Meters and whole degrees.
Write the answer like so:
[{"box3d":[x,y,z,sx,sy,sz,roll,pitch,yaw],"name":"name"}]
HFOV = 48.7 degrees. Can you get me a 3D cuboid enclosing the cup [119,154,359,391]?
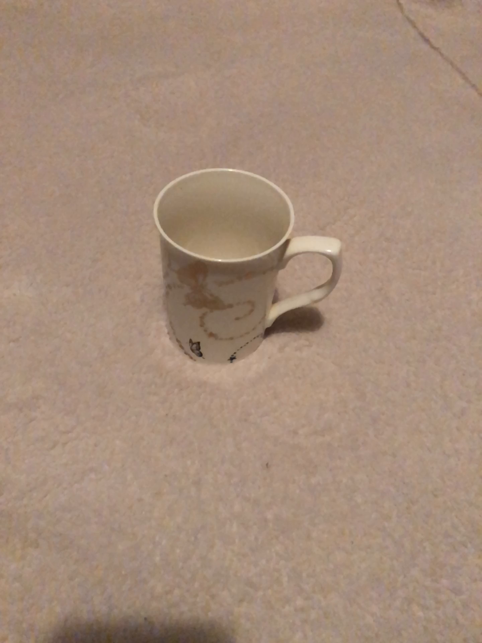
[{"box3d":[0.001,-0.025,0.314,0.112,0.110,0.074,6,53,2],"name":"cup"}]
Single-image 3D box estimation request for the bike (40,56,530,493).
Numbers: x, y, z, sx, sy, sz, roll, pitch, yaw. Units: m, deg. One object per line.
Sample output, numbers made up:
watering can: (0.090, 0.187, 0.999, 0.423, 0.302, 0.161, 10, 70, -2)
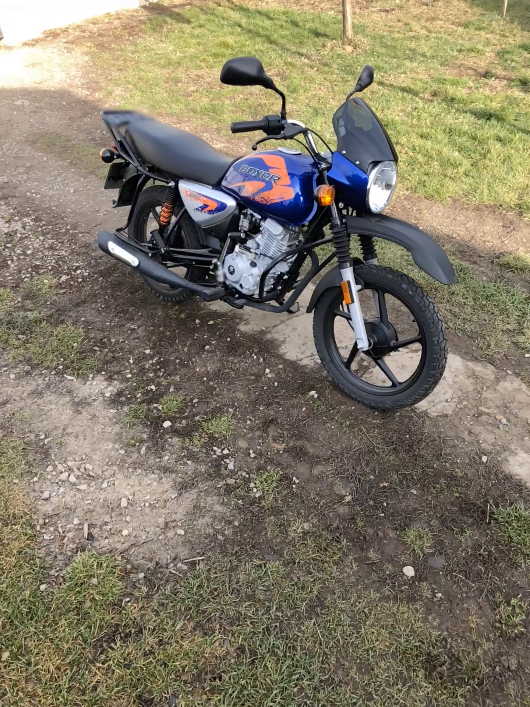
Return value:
bike: (0.004, -0.488, 2.488, 1.784, 1.049, 0.810, 30, 50, 34)
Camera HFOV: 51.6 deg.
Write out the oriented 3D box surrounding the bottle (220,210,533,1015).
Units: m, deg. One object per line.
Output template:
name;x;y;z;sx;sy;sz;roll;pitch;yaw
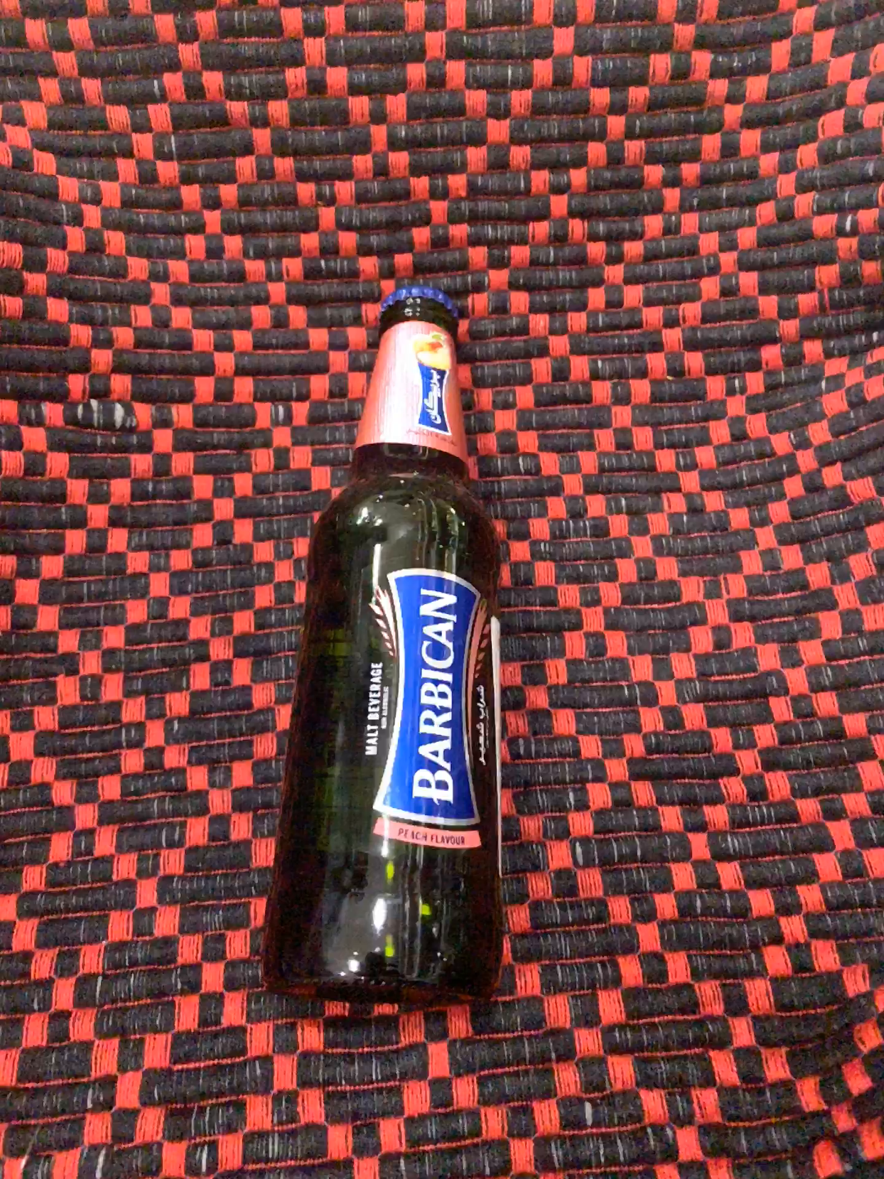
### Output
bottle;-0.011;-0.003;0.259;0.050;0.050;0.220;-20;55;34
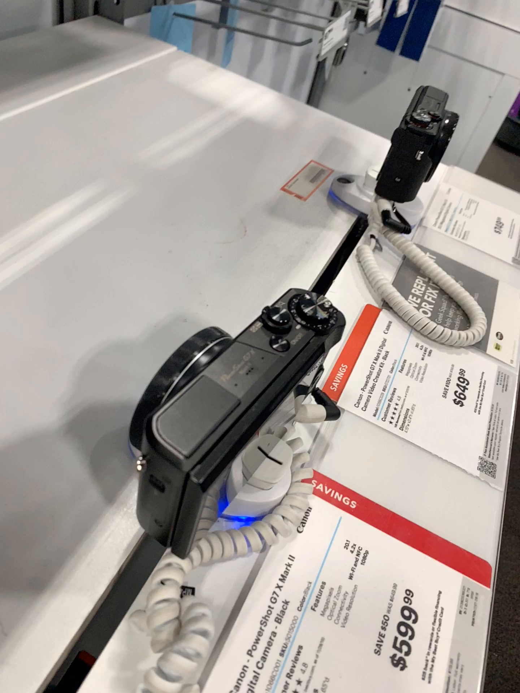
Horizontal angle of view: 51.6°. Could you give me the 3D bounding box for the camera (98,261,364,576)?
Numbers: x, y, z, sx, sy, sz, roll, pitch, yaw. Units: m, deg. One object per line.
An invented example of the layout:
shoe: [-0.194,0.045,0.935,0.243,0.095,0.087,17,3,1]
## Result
camera: [-0.009,0.023,0.216,0.044,0.060,0.111,32,45,13]
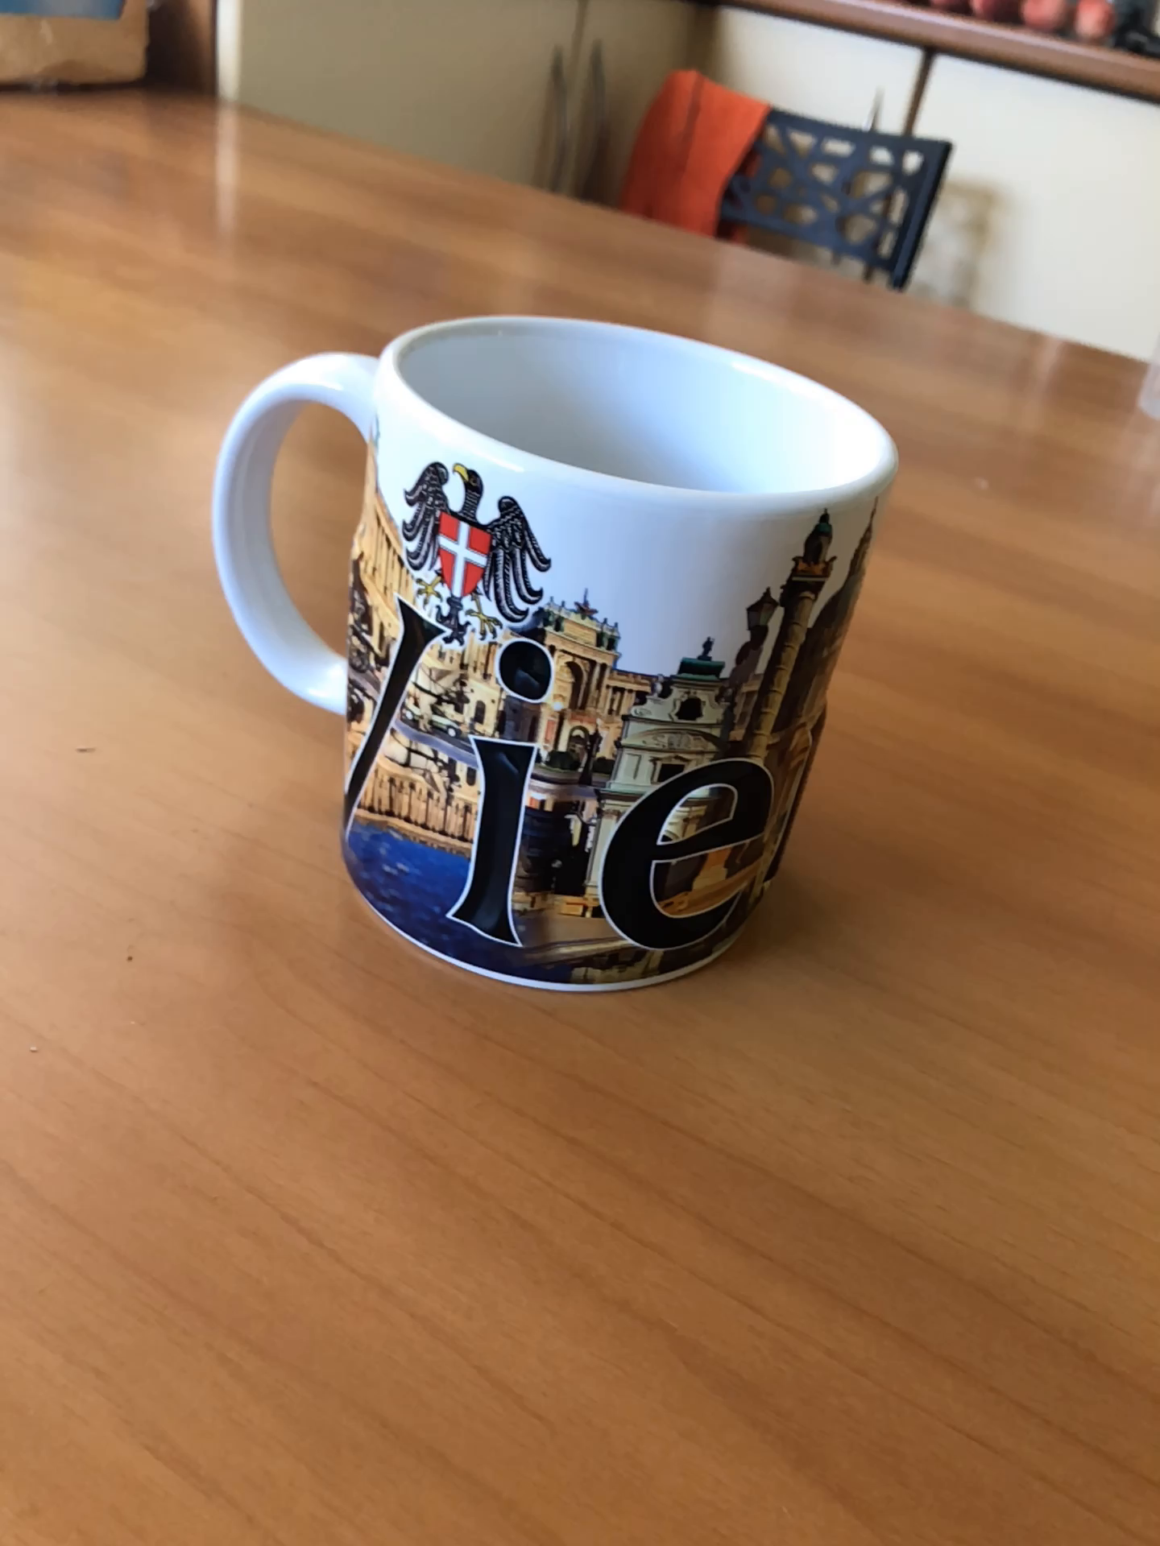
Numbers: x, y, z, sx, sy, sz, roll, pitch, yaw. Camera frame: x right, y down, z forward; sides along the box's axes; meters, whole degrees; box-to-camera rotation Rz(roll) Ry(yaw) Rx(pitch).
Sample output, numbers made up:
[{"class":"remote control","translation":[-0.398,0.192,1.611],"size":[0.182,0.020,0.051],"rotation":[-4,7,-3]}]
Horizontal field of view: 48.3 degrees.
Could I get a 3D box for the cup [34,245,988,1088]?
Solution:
[{"class":"cup","translation":[-0.013,-0.035,0.275],"size":[0.150,0.099,0.111],"rotation":[23,34,17]}]

● **Problem details**
Restate all the material verbatim; omit every picture.

● **Output for this exercise**
Meters and whole degrees.
Write the answer like so:
[{"box3d":[x,y,z,sx,sy,sz,roll,pitch,yaw],"name":"name"}]
HFOV = 48.7 degrees. Can you get me a 3D cuboid enclosing the cup [119,154,359,391]?
[{"box3d":[0.001,-0.025,0.314,0.112,0.110,0.074,6,53,2],"name":"cup"}]
Single-image 3D box estimation request for the bike (40,56,530,493).
Numbers: x, y, z, sx, sy, sz, roll, pitch, yaw. Units: m, deg. One object per line.
Sample output, numbers made up:
watering can: (0.090, 0.187, 0.999, 0.423, 0.302, 0.161, 10, 70, -2)
Return value:
bike: (0.004, -0.488, 2.488, 1.784, 1.049, 0.810, 30, 50, 34)
Camera HFOV: 51.6 deg.
Write out the oriented 3D box surrounding the bottle (220,210,533,1015).
Units: m, deg. One object per line.
Output template:
name;x;y;z;sx;sy;sz;roll;pitch;yaw
### Output
bottle;-0.011;-0.003;0.259;0.050;0.050;0.220;-20;55;34
Horizontal angle of view: 51.6°. Could you give me the 3D bounding box for the camera (98,261,364,576)?
Numbers: x, y, z, sx, sy, sz, roll, pitch, yaw. Units: m, deg. One object per line.
An invented example of the layout:
shoe: [-0.194,0.045,0.935,0.243,0.095,0.087,17,3,1]
## Result
camera: [-0.009,0.023,0.216,0.044,0.060,0.111,32,45,13]
Numbers: x, y, z, sx, sy, sz, roll, pitch, yaw. Camera frame: x right, y down, z forward; sides along the box's axes; meters, whole degrees; box-to-camera rotation Rz(roll) Ry(yaw) Rx(pitch).
Sample output, numbers made up:
[{"class":"remote control","translation":[-0.398,0.192,1.611],"size":[0.182,0.020,0.051],"rotation":[-4,7,-3]}]
Horizontal field of view: 48.3 degrees.
Could I get a 3D box for the cup [34,245,988,1088]?
Solution:
[{"class":"cup","translation":[-0.013,-0.035,0.275],"size":[0.150,0.099,0.111],"rotation":[23,34,17]}]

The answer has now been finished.